- [Source data]:
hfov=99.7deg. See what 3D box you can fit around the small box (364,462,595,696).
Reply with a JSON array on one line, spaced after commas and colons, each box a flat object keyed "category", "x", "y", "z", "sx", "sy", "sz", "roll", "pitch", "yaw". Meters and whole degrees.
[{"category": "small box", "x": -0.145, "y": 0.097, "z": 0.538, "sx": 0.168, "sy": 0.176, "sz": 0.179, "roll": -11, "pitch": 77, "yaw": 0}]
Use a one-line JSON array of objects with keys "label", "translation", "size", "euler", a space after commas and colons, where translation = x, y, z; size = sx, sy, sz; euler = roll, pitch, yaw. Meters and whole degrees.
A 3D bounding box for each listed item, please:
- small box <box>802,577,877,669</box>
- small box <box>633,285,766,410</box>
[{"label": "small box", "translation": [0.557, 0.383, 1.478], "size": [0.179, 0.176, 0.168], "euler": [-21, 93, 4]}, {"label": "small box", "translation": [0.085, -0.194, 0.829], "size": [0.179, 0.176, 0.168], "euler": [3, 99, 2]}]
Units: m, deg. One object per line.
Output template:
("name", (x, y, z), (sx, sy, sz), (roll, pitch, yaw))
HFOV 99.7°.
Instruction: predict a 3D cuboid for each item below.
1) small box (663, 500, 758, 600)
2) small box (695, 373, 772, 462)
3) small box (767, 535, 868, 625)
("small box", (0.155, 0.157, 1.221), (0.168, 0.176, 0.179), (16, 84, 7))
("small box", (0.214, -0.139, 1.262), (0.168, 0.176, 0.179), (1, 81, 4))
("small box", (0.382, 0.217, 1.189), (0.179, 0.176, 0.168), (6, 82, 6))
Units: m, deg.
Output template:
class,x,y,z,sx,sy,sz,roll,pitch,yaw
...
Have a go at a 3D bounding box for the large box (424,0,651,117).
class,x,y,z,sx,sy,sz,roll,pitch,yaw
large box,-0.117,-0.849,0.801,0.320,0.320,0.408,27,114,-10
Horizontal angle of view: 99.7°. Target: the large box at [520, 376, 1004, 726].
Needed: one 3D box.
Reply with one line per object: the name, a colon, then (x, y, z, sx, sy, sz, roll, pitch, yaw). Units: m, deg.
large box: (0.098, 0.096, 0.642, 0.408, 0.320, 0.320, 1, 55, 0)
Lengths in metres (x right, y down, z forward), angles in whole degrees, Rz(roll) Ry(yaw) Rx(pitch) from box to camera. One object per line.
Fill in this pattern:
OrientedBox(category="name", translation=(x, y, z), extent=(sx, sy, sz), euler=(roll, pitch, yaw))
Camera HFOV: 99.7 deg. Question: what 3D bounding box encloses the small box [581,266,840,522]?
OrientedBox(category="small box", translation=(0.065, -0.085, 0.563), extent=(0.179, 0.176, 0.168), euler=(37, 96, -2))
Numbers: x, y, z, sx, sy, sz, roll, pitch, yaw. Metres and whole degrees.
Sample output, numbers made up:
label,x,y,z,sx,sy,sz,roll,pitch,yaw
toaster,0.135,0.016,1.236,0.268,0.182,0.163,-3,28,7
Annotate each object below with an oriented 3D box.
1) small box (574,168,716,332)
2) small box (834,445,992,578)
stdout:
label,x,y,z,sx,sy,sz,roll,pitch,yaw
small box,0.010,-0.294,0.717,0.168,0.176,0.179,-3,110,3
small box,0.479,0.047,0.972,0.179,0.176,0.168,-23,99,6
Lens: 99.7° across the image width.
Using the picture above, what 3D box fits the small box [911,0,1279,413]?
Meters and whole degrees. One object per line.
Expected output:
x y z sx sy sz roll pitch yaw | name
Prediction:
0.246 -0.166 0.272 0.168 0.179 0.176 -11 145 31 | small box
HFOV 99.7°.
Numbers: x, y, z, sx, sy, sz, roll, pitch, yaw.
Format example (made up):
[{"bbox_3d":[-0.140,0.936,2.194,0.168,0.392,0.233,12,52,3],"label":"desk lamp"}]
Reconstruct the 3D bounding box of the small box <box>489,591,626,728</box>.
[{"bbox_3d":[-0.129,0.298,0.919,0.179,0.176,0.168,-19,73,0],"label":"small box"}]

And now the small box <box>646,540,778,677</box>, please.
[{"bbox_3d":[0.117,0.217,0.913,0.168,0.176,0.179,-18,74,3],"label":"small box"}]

- [Directions for this task]: Among the entries above, locate the lines containing "Annotate each object" and "Lens: 99.7° across the image width.", and transcribe exactly those two lines and all lines between.

- [Response below]:
Annotate each object below with an oriented 3D box.
1) small box (574,168,716,332)
2) small box (834,445,992,578)
stdout:
label,x,y,z,sx,sy,sz,roll,pitch,yaw
small box,0.010,-0.294,0.717,0.168,0.176,0.179,-3,110,3
small box,0.479,0.047,0.972,0.179,0.176,0.168,-23,99,6
Lens: 99.7° across the image width.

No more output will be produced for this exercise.